Jeffrey Cohen, MD, who is also of Cleveland Clinic, commented as well, saying that NfL is a biomarker of particular interest in the field at the moment, especially in regard to how it pertains to multiple sclerosis disease activity and its ability to be measured in the blood. He says, "there is now a very consistent body of evidence showing that it reflects CNS [central nervous system] damage and predicts disability. This new study shows it reflects beneficial treatment effects of medication, and it is now starting to be used as a measure of drug effect in new clinical trials. I believe it will eventually also be used in the clinic to track disease activity."
Dr. Cohen went on to state that access to a simple blood marker of disease activity, like NfL, could be crucial in creating treatments that are more personal to each patient. He says, "right now we have a 'one size fits all' approach to treatment, but the goal is to tailor therapy so those patients with the most aggressive disease receive the most efficacious therapies early on. To do this, we need to regularly monitor disease activity, and having a blood test that reflects disease progression will enable this to be done much more easily."
Dr. Sormani also commented on how the implementation of NfL to monitor patients in a routine manner would likely be extremely effective, but that the approach simply is not at that point yet, and needs more research to be conducted before it can be done. She says, "standardization of the technique is a first requirement, to have reference values that can be interpreted by everyone ... I think it will be very useful in complementing MRI, but I don't think it will replace MRI, which gives a morphological and functional picture of the brain. Initially NfL will be used as a quick and easy screening tool to assess the activity of new drugs."

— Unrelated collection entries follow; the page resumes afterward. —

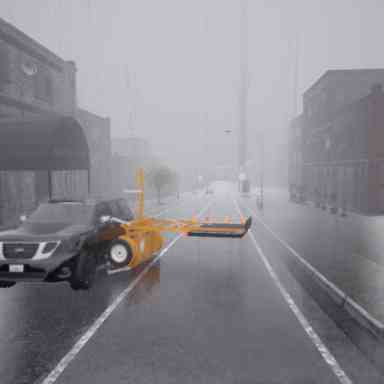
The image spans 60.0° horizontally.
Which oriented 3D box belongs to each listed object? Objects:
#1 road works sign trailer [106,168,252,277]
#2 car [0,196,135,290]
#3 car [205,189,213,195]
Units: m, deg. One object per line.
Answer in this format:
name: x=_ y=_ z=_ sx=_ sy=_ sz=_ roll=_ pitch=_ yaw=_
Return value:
road works sign trailer: x=-0.217 y=0.765 z=9.230 sx=3.560 sy=2.880 sz=2.380 roll=0 pitch=0 yaw=14
car: x=-3.216 y=1.161 z=9.370 sx=2.150 sy=2.045 sz=5.566 roll=-1 pitch=0 yaw=6
car: x=4.020 y=-0.091 z=77.273 sx=2.033 sy=1.411 sz=5.357 roll=0 pitch=2 yaw=6

Sormani also commented on how much of an advantage NfL could be when used in retrospection. She says, "we have a large amount of clinical trial data that can be reanalyzed if blood samples have been properly stored. I hope pharma companies will do their best to reassess these precious data, from which we can get very relevant information about NfL levels and its relationship with other clinical variables."
Moving forward with the study
Going forward, the researchers want to proceed with their study. However, for a phase 2 study, between 60 to 130 patients will be needed when involving a drug with efficacy that is comparable to that of fingolimod versus a placebo at 90 percent power. Should they receive enough participants, they plan to conduct the study.